— WHAT NEEDS TO BE DONE —
From the line with "#3 car [865,571,906,594]" through the final line, transcribe the material below character for character; include no other lines.

— STORED DATA —
• • •

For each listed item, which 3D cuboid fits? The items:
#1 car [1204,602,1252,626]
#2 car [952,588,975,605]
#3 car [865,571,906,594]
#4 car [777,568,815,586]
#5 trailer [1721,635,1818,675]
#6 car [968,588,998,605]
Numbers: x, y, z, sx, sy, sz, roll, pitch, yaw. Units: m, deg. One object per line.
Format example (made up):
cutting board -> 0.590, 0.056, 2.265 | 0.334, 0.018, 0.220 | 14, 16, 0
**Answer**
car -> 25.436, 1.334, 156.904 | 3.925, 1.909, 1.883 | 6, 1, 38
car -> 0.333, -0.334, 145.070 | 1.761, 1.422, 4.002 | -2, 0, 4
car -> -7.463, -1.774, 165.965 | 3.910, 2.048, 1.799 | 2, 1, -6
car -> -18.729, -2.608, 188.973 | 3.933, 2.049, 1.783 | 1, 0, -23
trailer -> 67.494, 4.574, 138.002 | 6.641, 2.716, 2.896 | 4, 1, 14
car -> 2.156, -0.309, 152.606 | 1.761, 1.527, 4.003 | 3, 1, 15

• • •

— TASK RESPONSE —
#3 car [865,571,906,594]
#4 car [777,568,815,586]
#5 trailer [1721,635,1818,675]
#6 car [968,588,998,605]
Numbers: x, y, z, sx, sy, sz, roll, pitch, yaw. Units: m, deg. One object per line.
Format example (made up):
cutting board -> 0.590, 0.056, 2.265 | 0.334, 0.018, 0.220 | 14, 16, 0
**Answer**
car -> 25.436, 1.334, 156.904 | 3.925, 1.909, 1.883 | 6, 1, 38
car -> 0.333, -0.334, 145.070 | 1.761, 1.422, 4.002 | -2, 0, 4
car -> -7.463, -1.774, 165.965 | 3.910, 2.048, 1.799 | 2, 1, -6
car -> -18.729, -2.608, 188.973 | 3.933, 2.049, 1.783 | 1, 0, -23
trailer -> 67.494, 4.574, 138.002 | 6.641, 2.716, 2.896 | 4, 1, 14
car -> 2.156, -0.309, 152.606 | 1.761, 1.527, 4.003 | 3, 1, 15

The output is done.